Let $T:V\to V$ be a linear map on a vector space $V$ of dimension $n$. Assume that there exists $k\in \mathbb{N}$, such that for each $i$, $0\leq i\leq k$, there exists a subspace $V_i$ of $V$ (denoted $V_i \leq V$) with the following properties:
- $V_i \subset V_{i+1}$ for $0\leq i\leq k-1$
- $V_i \neq V_{i+1}$ for $0\leq i\leq k-1$
- $V_0 = \{0\}$ and $V_k = V$
- $TV_i \subseteq V_{i-1}$ for $1\leq i\leq k$
Then there exists a basis for $V$ such that the matrix of $T$ with respect to this basis is strictly upper triangular (i.e. all non-zero entries lie above the diagonal only)

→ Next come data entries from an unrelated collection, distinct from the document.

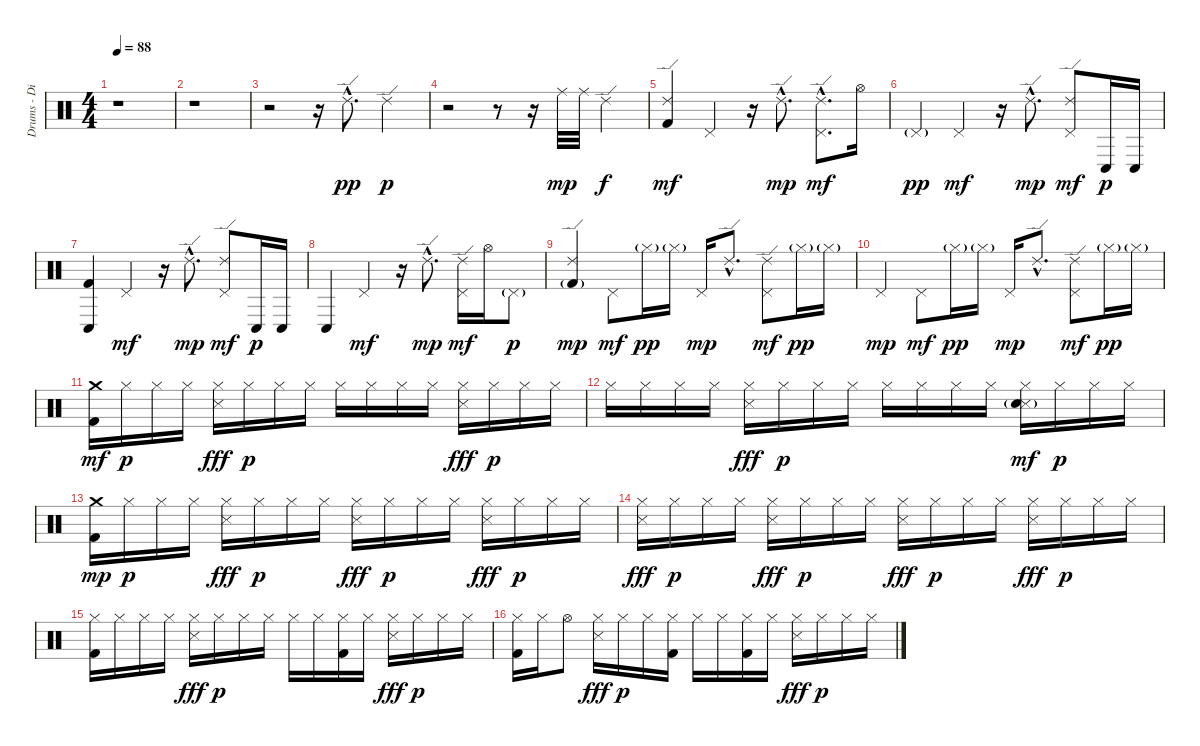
\track ("Drums - Dino Campanella" "Drums - Di") {instrument percussion}
\staff {score}
\articulation defaults
\ts (4 4)
\tempo 88
\clef neutral
\ks c
r.1{dy fff} |
r.1 |
r.2 r.16 "Ride (edge) 2"{hac}.8{d dy pp} "Ride (edge) 2".4{dy p} |
r.2 r.8 r.16 "Ride (middle)".32{dy mp} "Ride (middle)".32 "Ride (edge) 2".4{dy f} |
("Ride (edge) 2" "Kick (hit) 2").4{dy mf} "Pedal Hi-Hat (hit)".4 r.16 "Ride (edge) 2"{hac}.8{d dy mp} ("Ride (edge) 2"{hac} "Pedal Hi-Hat (hit)"{hac}).8{d dy mf} "Hi-Hat (open)".16 |
"Pedal Hi-Hat (hit)"{g}.4{dy pp} "Pedal Hi-Hat (hit)".4{dy mf} r.16 "Ride (edge) 2"{hac}.8{d dy mp} ("Ride (edge) 2" "Pedal Hi-Hat (hit)").8{dy mf} "Conga low (hit)".16{dy p} "Conga low (hit)".16 |
("Conga low (hit)" "Kick (hit) 2").4 "Pedal Hi-Hat (hit)".4{dy mf} r.16 "Ride (edge) 2"{hac}.8{d dy mp} ("Ride (edge) 2" "Pedal Hi-Hat (hit)").8{dy mf} "Conga low (hit)".16{dy p} "Conga low (hit)".16 |
"Conga low (hit)".4 "Pedal Hi-Hat (hit)".4{dy mf} r.16 "Ride (edge) 2"{hac}.8{d dy mp} ("Ride (edge) 2" "Pedal Hi-Hat (hit)").16{dy mf} "Hi-Hat (open)".16 "Pedal Hi-Hat (hit)"{g}.8{dy p} |
("Ride (edge) 2" "Kick (hit) 2"{g}).4{dy mp} "Pedal Hi-Hat (hit)".8{dy mf} "Hi-Hat (closed)"{g}.16{dy pp} "Hi-Hat (closed)"{g}.16 "Pedal Hi-Hat (hit)".16{dy mp} "Ride (edge) 2"{hac}.8{d} ("Ride (edge) 2" "Pedal Hi-Hat (hit)").8{dy mf} "Hi-Hat (closed)"{g}.16{dy pp} "Hi-Hat (closed)"{g}.16 |
"Pedal Hi-Hat (hit)".4{dy mp} "Pedal Hi-Hat (hit)".8{dy mf} "Hi-Hat (closed)"{g}.16{dy pp} "Hi-Hat (closed)"{g}.16 "Pedal Hi-Hat (hit)".16{dy mp} "Ride (edge) 2"{hac}.8{d} ("Ride (edge) 2" "Pedal Hi-Hat (hit)").8{dy mf} "Hi-Hat (closed)"{g}.16{dy pp} "Hi-Hat (closed)"{g}.16 |
("Crash medium (hit)" "Kick (hit) 2").16{dy mf} "Hi-Hat (closed)".16{dy p} "Hi-Hat (closed)".16 "Hi-Hat (closed)".16 ("Hi-Hat (closed)" "Snare (side stick) 3").16{dy fff} "Hi-Hat (closed)".16{dy p} "Hi-Hat (closed)".16 "Hi-Hat (closed)".16 "Hi-Hat (closed)".16 "Hi-Hat (closed)".16 "Hi-Hat (closed)".16 "Hi-Hat (closed)".16 ("Hi-Hat (closed)" "Snare (side stick) 3").16{dy fff} "Hi-Hat (closed)".16{dy p} "Hi-Hat (closed)".16 "Hi-Hat (closed)".16 |
"Hi-Hat (closed)".16 "Hi-Hat (closed)".16 "Hi-Hat (closed)".16 "Hi-Hat (closed)".16 ("Hi-Hat (closed)" "Snare (side stick) 3").16{dy fff} "Hi-Hat (closed)".16{dy p} "Hi-Hat (closed)".16 "Hi-Hat (closed)".16 "Hi-Hat (closed)".16 "Hi-Hat (closed)".16 "Hi-Hat (closed)".16 "Hi-Hat (closed)".16 ("Hi-Hat (closed)" "Snare (side stick) 3" "Electric Snare (hit)"{g}).16{dy mf} "Hi-Hat (closed)".16{dy p} "Hi-Hat (closed)".16 "Hi-Hat (closed)".16 |
("Crash medium (hit)" "Kick (hit) 2").16{dy mp} "Hi-Hat (closed)".16{dy p} "Hi-Hat (closed)".16 "Hi-Hat (closed)".16 ("Hi-Hat (closed)" "Snare (side stick) 3").16{dy fff} "Hi-Hat (closed)".16{dy p} "Hi-Hat (closed)".16 "Hi-Hat (closed)".16 ("Hi-Hat (closed)" "Snare (side stick) 3").16{dy fff} "Hi-Hat (closed)".16{dy p} "Hi-Hat (closed)".16 "Hi-Hat (closed)".16 ("Hi-Hat (closed)" "Snare (side stick) 3").16{dy fff} "Hi-Hat (closed)".16{dy p} "Hi-Hat (closed)".16 "Hi-Hat (closed)".16 |
("Hi-Hat (closed)" "Snare (side stick) 3").16{dy fff} "Hi-Hat (closed)".16{dy p} "Hi-Hat (closed)".16 "Hi-Hat (closed)".16 ("Hi-Hat (closed)" "Snare (side stick) 3").16{dy fff} "Hi-Hat (closed)".16{dy p} "Hi-Hat (closed)".16 "Hi-Hat (closed)".16 ("Hi-Hat (closed)" "Snare (side stick) 3").16{dy fff} "Hi-Hat (closed)".16{dy p} "Hi-Hat (closed)".16 "Hi-Hat (closed)".16 ("Hi-Hat (closed)" "Snare (side stick) 3").16{dy fff} "Hi-Hat (closed)".16{dy p} "Hi-Hat (closed)".16 "Hi-Hat (closed)".16 |
("Hi-Hat (closed)" "Kick (hit) 2").16 "Hi-Hat (closed)".16 "Hi-Hat (closed)".16 "Hi-Hat (closed)".16 ("Hi-Hat (closed)" "Snare (side stick) 3").16{dy fff} "Hi-Hat (closed)".16{dy p} "Hi-Hat (closed)".16 "Hi-Hat (closed)".16 "Hi-Hat (closed)".16 "Hi-Hat (closed)".16 ("Hi-Hat (closed)" "Kick (hit) 2").16 "Hi-Hat (closed)".16 ("Hi-Hat (closed)" "Snare (side stick) 3").16{dy fff} "Hi-Hat (closed)".16{dy p} "Hi-Hat (closed)".16 "Hi-Hat (closed)".16 |
("Hi-Hat (closed)" "Kick (hit) 2").16 "Hi-Hat (closed)".16 "Hi-Hat (open)".8 ("Hi-Hat (closed)" "Snare (side stick) 3").16{dy fff} "Hi-Hat (closed)".16{dy p} "Hi-Hat (closed)".16 ("Hi-Hat (closed)" "Kick (hit) 2").16 "Hi-Hat (closed)".16 "Hi-Hat (closed)".16 ("Hi-Hat (closed)" "Kick (hit) 2").16 "Hi-Hat (closed)".16 ("Hi-Hat (closed)" "Snare (side stick) 3").16{dy fff} "Hi-Hat (closed)".16{dy p} "Hi-Hat (closed)".16 "Hi-Hat (closed)".16

So, I'm in the search of a basis $\mathcal{B} = \{v_1,…,v_n\}$ which makes $[T]_{\mathcal{B}}$ strictly upper triangular. This would mean that $Tv_j = \text{span}(v_1,v_2,…,v_{j-1})$. Intuitively, it makes sense to think about considering the basis of $V_i$ and extending it to a basis for $V_{i+1}$ (until we reach $V_n$), but I'm not sure how to put this down formally. Moreover, it's a little bothering that we don't know what $k$ is. Is that a typographical error in the question? Possibly not.
Please help me with hints so that I can work further in the right direction!
Best Answer
Hint
Take $\{e_1, e_2, \dots , e_{i_1}\}$ as a basis of $V_1$.
And by induction if $\{e_1, e_2, \dots, e_{i_1}, e_{i_1+1}, e_{i_1+2}, \dots, e_{i_{l-1}}\}$ is a basis of $V_{l-1}$, complete it into a basis $\{e_1, e_2, \dots, e_{i_1}, e_{i_1+1}, e_{i_1+2}, \dots, e_{i_{l-1}}, e_{i_{l-1}+1},e_{i_{l-1}+2},\dots, e_{i_l}\}$ of $V_l$.
At the last step and as $V_k = V$, you'll ensure that you get a basis of $V$.
Then look at $T(e_i)$ for $1 \le i \le n$ to prove that the matrix of $T$ in the built basis is strictly upper diagonal.